The IEEE 802.15 Task Group 6 has recently issued a new standard, the IEEE 802.15.6 specification, specifically targeted at WBANs [3].Apart from the local sensor interconnection handled by the WBAN, it is important to provide an end-to-end communication bridge between the patient and the healthcare provider. Depending on the application scenario, this task can be accomplished through different technologies, from long-range cellular 3G/4G systems to local deployments of wireless sensor networks (WSNs). The latter solution is very appealing when radio limitations are present, as, for example, in indoor environments with poor cellular coverage (e.g., a hospital ward). Recently, the deployment of ambient WSNs for healthcare applications is being considered in the literature.

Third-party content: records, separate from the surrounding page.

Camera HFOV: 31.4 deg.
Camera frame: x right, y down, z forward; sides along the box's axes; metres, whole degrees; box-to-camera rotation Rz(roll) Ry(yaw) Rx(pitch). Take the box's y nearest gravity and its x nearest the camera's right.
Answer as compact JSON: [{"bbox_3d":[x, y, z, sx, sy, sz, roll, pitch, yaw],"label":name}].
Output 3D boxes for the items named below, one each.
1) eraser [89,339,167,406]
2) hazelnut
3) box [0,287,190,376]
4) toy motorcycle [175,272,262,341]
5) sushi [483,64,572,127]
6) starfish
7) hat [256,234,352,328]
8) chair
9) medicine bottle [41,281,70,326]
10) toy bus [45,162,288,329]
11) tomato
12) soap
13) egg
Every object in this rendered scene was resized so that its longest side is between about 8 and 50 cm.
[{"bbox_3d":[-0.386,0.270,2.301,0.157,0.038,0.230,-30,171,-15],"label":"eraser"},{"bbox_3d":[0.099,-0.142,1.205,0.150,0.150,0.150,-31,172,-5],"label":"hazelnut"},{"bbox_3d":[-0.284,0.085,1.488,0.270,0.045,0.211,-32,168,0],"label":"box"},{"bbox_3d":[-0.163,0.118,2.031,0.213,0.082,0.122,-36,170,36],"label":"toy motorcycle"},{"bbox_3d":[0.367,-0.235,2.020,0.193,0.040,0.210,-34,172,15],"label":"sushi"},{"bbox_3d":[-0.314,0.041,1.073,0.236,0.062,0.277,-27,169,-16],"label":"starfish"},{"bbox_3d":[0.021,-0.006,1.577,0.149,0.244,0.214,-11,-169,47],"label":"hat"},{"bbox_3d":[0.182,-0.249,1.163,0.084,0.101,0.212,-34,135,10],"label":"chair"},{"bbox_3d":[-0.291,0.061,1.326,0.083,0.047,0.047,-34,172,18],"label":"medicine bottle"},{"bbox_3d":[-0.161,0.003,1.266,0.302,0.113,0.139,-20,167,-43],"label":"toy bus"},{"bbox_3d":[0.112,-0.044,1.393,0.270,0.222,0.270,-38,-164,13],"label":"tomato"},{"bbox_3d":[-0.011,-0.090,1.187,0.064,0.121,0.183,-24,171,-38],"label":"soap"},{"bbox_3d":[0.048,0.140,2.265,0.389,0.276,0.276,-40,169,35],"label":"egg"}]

Ambient sensors are usually employed to enhance context-awareness, by providing relevant environmental information for the patient’s surroundings [4,5]. However, it is also possible to use the deployed sensors as relays that forward the data collected by the WBAN to the medical server [6,7].The design of efficient medium access control (MAC) protocols and routing techniques is crucial to handle the flow of information through the distribution WSN. The application of random linear network coding (RLNC) [8] over the MAC and network layers has been studied as an innovative way for data dissemination and forwarding, especially in relay networks. The main idea behind RLNC is to transmit linear combinations over a block of original data packets, created by multiplying each packet with a random coefficient drawn by a finite Galois field.

For instance, a relay can forward a linear combination of its received packets. Thus, the destination does not need to acknowledge each packet individually, but instead, it has to receive a sufficient number of linearly-independent encoded packets to be able to extract the original information.In the context of relay-assisted WBANs, RLNC techniques are often employed as a means to enhance reliability. The work presented in [9] shows the potential throughput improvement under error-prone channels through the application of RLNC, as a function of the number of redundancy packets, the employed relays and the number of sink nodes. More advanced schemes, such as cooperative diversity coding, where both coded and uncoded data packets Carfilzomib are transmitted, can yield even better results [10].

A tree topology has been assumed in [11], where multiple nodes communicate with the coordinator through a small number of relays. The nodes send their uncoded data to the relays, which, in turn, forward a set of both coded and uncoded packets to the destination. The obtained results show that RLNC can offer higher reliability with respect to traditional redundancy schemes, where multiple retransmissions of uncoded packets take place.